**Data items:**
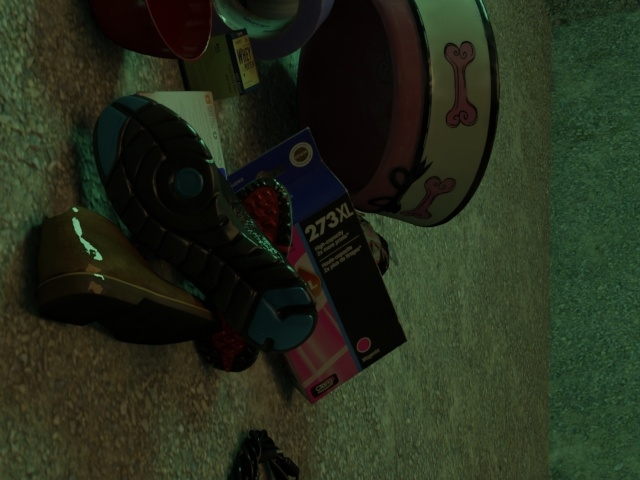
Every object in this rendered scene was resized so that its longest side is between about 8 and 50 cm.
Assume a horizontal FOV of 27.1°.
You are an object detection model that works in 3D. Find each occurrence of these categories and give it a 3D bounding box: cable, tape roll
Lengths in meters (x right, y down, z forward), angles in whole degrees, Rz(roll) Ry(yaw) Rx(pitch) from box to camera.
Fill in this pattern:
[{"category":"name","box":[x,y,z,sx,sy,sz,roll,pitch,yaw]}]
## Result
[{"category":"cable","box":[-0.072,0.337,1.744,0.184,0.047,0.150,-70,145,-51]},{"category":"tape roll","box":[-0.078,-0.345,1.800,0.080,0.189,0.189,-63,139,-57]}]

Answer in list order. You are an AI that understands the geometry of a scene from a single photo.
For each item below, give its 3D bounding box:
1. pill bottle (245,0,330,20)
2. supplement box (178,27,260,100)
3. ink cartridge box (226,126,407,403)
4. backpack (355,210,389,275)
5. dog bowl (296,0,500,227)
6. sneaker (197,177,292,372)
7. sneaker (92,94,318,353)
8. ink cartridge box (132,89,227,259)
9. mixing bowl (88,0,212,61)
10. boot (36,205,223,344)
[{"category":"pill bottle","box":[-0.056,-0.456,1.888,0.169,0.169,0.301,-71,162,-51]},{"category":"supplement box","box":[-0.135,-0.229,1.752,0.056,0.083,0.083,-42,121,-65]},{"category":"ink cartridge box","box":[-0.015,0.042,1.844,0.069,0.176,0.371,38,-23,55]},{"category":"backpack","box":[0.000,0.000,1.960,0.182,0.152,0.115,34,44,-47]},{"category":"dog bowl","box":[0.097,-0.221,1.995,0.150,0.408,0.407,-2,81,-26]},{"category":"sneaker","box":[-0.096,0.029,1.674,0.125,0.104,0.261,-73,180,-65]},{"category":"sneaker","box":[-0.141,-0.013,1.514,0.341,0.125,0.139,54,-6,-9]},{"category":"ink cartridge box","box":[-0.177,-0.083,1.637,0.208,0.045,0.206,-16,98,-69]},{"category":"mixing bowl","box":[-0.210,-0.291,1.561,0.181,0.098,0.181,-9,90,-68]},{"category":"boot","box":[-0.201,0.044,1.457,0.305,0.112,0.115,33,41,-60]}]

**Work order:**
Before copying, set the pictures aside; then reproduce each entry above exactly.

**Response:**
Every object in this rendered scene was resized so that its longest side is between about 8 and 50 cm.
Assume a horizontal FOV of 27.1°.
You are an object detection model that works in 3D. Find each occurrence of these categories and give it a 3D bounding box: cable, tape roll
Lengths in meters (x right, y down, z forward), angles in whole degrees, Rz(roll) Ry(yaw) Rx(pitch) from box to camera.
Fill in this pattern:
[{"category":"name","box":[x,y,z,sx,sy,sz,roll,pitch,yaw]}]
## Result
[{"category":"cable","box":[-0.072,0.337,1.744,0.184,0.047,0.150,-70,145,-51]},{"category":"tape roll","box":[-0.078,-0.345,1.800,0.080,0.189,0.189,-63,139,-57]}]

Answer in list order. You are an AI that understands the geometry of a scene from a single photo.
For each item below, give its 3D bounding box:
1. pill bottle (245,0,330,20)
2. supplement box (178,27,260,100)
3. ink cartridge box (226,126,407,403)
4. backpack (355,210,389,275)
5. dog bowl (296,0,500,227)
6. sneaker (197,177,292,372)
7. sneaker (92,94,318,353)
8. ink cartridge box (132,89,227,259)
9. mixing bowl (88,0,212,61)
10. boot (36,205,223,344)
[{"category":"pill bottle","box":[-0.056,-0.456,1.888,0.169,0.169,0.301,-71,162,-51]},{"category":"supplement box","box":[-0.135,-0.229,1.752,0.056,0.083,0.083,-42,121,-65]},{"category":"ink cartridge box","box":[-0.015,0.042,1.844,0.069,0.176,0.371,38,-23,55]},{"category":"backpack","box":[0.000,0.000,1.960,0.182,0.152,0.115,34,44,-47]},{"category":"dog bowl","box":[0.097,-0.221,1.995,0.150,0.408,0.407,-2,81,-26]},{"category":"sneaker","box":[-0.096,0.029,1.674,0.125,0.104,0.261,-73,180,-65]},{"category":"sneaker","box":[-0.141,-0.013,1.514,0.341,0.125,0.139,54,-6,-9]},{"category":"ink cartridge box","box":[-0.177,-0.083,1.637,0.208,0.045,0.206,-16,98,-69]},{"category":"mixing bowl","box":[-0.210,-0.291,1.561,0.181,0.098,0.181,-9,90,-68]},{"category":"boot","box":[-0.201,0.044,1.457,0.305,0.112,0.115,33,41,-60]}]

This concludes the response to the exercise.